Have you heard this one? I have heard this followed by some of the most ridiculous statements. There is nothing wrong with teaching real respect instead of fear. There is nothing wrong with teaching a child a little empathy and compassion. These are the traits that take a child into adulthood prepared for their life ahead. Teaching a child to fear punitive punishment damages their ability and desire to self-regulate. This puts in them a sense of outside control, therefore they can actually believe that they act because of outside forces, not because they desired to perform or react in a certain way. An example of this would be blaming a sibling for having to walk over gravel when they were the one that chose to not put their shoes on when they went to go fetch them. This self-control is exactly the thing that is so valuable for mature adult life, and spanking and shaming really do contribute to an imbalance in this development.

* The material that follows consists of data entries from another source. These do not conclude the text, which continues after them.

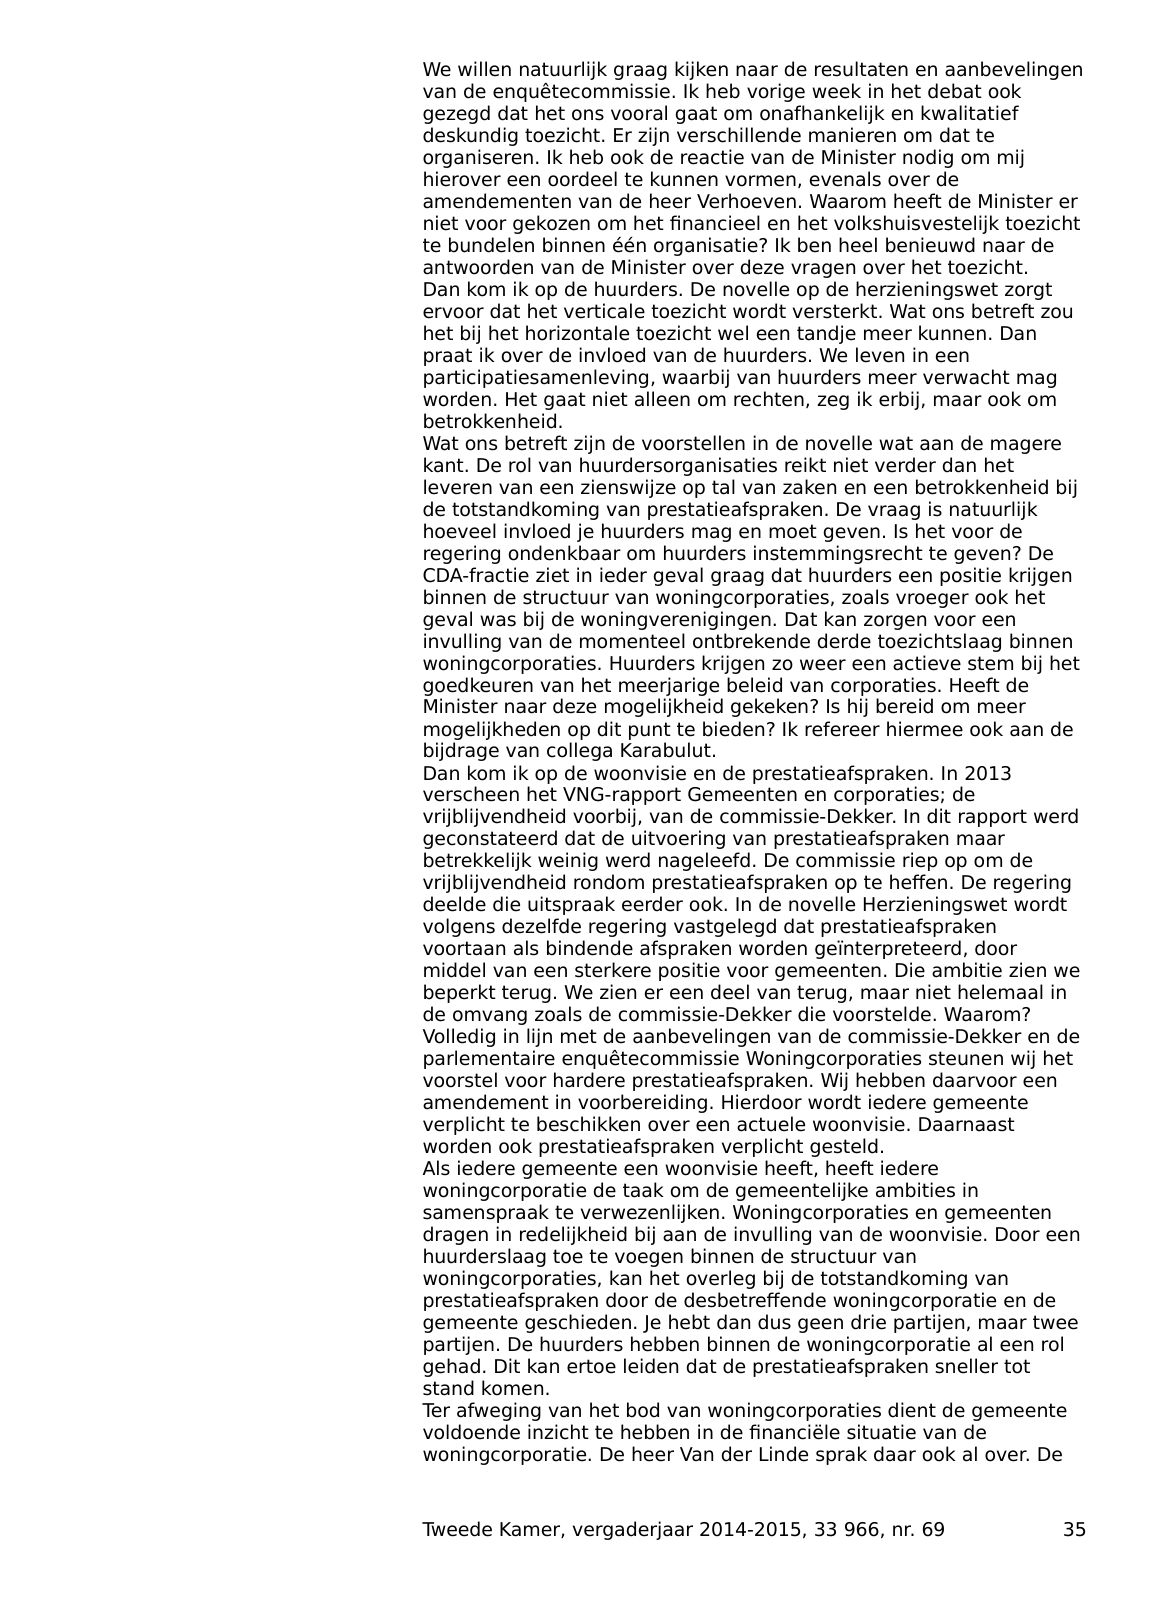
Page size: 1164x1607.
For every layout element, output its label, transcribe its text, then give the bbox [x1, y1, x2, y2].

text Ter afweging van het bod van woningcorporaties dient de gemeente voldoende inzicht te hebben in de financiële situatie van de woningcorporatie. De heer Van der Linde sprak daar ook al over. De [422, 1400, 1087, 1466]
text We willen natuurlijk graag kijken naar de resultaten en aanbevelingen van de enquêtecommissie. Ik heb vorige week in het debat ook gezegd dat het ons vooral gaat om onafhankelijk en kwalitatief deskundig toezicht. Er zijn verschillende manieren om dat te organiseren. Ik heb ook de reactie van de Minister nodig om mij hierover een oordeel te kunnen vormen, evenals over de amendementen van de heer Verhoeven. Waarom heeft de Minister er niet voor gekozen om het financieel en het volkshuisvestelijk toezicht te bundelen binnen één organisatie? Ik ben heel benieuwd naar de antwoorden van de Minister over deze vragen over het toezicht. [422, 59, 1087, 279]
text Dan kom ik op de woonvisie en de prestatieafspraken. In 2013 verscheen het VNG-rapport Gemeenten en corporaties; de vrijblijvendheid voorbij, van de commissie-Dekker. In dit rapport werd geconstateerd dat de uitvoering van prestatieafspraken maar betrekkelijk weinig werd nageleefd. De commissie riep op om de vrijblijvendheid rondom prestatieafspraken op te heffen. De regering deelde die uitspraak eerder ook. In de novelle Herzieningswet wordt volgens dezelfde regering vastgelegd dat prestatieafspraken voortaan als bindende afspraken worden geïnterpreteerd, door middel van een sterkere positie voor gemeenten. Die ambitie zien we beperkt terug. We zien er een deel van terug, maar niet helemaal in de omvang zoals de commissie-Dekker die voorstelde. Waarom? [422, 762, 1087, 1026]
text Dan kom ik op de huurders. De novelle op de herzieningswet zorgt ervoor dat het verticale toezicht wordt versterkt. Wat ons betreft zou het bij het horizontale toezicht wel een tandje meer kunnen. Dan praat ik over de invloed van de huurders. We leven in een participatiesamenleving, waarbij van huurders meer verwacht mag worden. Het gaat niet alleen om rechten, zeg ik erbij, maar ook om betrokkenheid. [422, 279, 1087, 433]
text Wat ons betreft zijn de voorstellen in de novelle wat aan de magere kant. De rol van huurdersorganisaties reikt niet verder dan het leveren van een zienswijze op tal van zaken en een betrokkenheid bij de totstandkoming van prestatieafspraken. De vraag is natuurlijk hoeveel invloed je huurders mag en moet geven. Is het voor de regering ondenkbaar om huurders instemmingsrecht te geven? De CDA-fractie ziet in ieder geval graag dat huurders een positie krijgen binnen de structuur van woningcorporaties, zoals vroeger ook het geval was bij de woningverenigingen. Dat kan zorgen voor een invulling van de momenteel ontbrekende derde toezichtslaag binnen woningcorporaties. Huurders krijgen zo weer een actieve stem bij het goedkeuren van het meerjarige beleid van corporaties. Heeft de Minister naar deze mogelijkheid gekeken? Is hij bereid om meer mogelijkheden op dit punt te bieden? Ik refereer hiermee ook aan de bijdrage van collega Karabulut. [422, 433, 1087, 762]
text Volledig in lijn met de aanbevelingen van de commissie-Dekker en de parlementaire enquêtecommissie Woningcorporaties steunen wij het voorstel voor hardere prestatieafspraken. Wij hebben daarvoor een amendement in voorbereiding. Hierdoor wordt iedere gemeente verplicht te beschikken over een actuele woonvisie. Daarnaast worden ook prestatieafspraken verplicht gesteld. [422, 1026, 1087, 1158]
text Als iedere gemeente een woonvisie heeft, heeft iedere woningcorporatie de taak om de gemeentelijke ambities in samenspraak te verwezenlijken. Woningcorporaties en gemeenten dragen in redelijkheid bij aan de invulling van de woonvisie. Door een huurderslaag toe te voegen binnen de structuur van woningcorporaties, kan het overleg bij de totstandkoming van prestatieafspraken door de desbetreffende woningcorporatie en de gemeente geschieden. Je hebt dan dus geen drie partijen, maar twee partijen. De huurders hebben binnen de woningcorporatie al een rol gehad. Dit kan ertoe leiden dat de prestatieafspraken sneller tot stand komen. [422, 1158, 1087, 1400]

“But I was spanked and I’m just fine…”
Okay, I’m pulling out the old hat example of how these things are passed along, but there needs to be an end to the cycle. Moms raise children who have children. Parents are trusted and advice is asked. This is fine and great for small things: diaper changes, and pajama choices, but there needs to be clear instruction on how to parent without the use of violence and threats to control. The reason there needs to be clear guidelines and help in place for instruction and support is because so many of us adults are taught that children are annoying bothers to be dealt with. I say we change that old way of thinking and start really giving our children the start in life they deserve.
Because after all, spanking and shaming are a form of bullying and no one likes a bully…
Parents that spank teach their children through behavior modeling that is its okay to hit others and shame them in front of their peers. Embarrassment can have severe lasting effects just like spanking, but can be made public which can give other bullies ammunition for tearing others down. Spanking is about anger and loss of control. If a parent were taught to regulate their own emotions then the children watching them would too.
There is a lot of science that says spanking and other punitive punishment is harmful to children. Unfortunately there is a large gap between what is known and what is practiced. There is a great battle to be fought if we are going to protect all children. Until then it is our job to continue to spread knowledge and model understanding and gentle parenting to those that need the role model and instruction.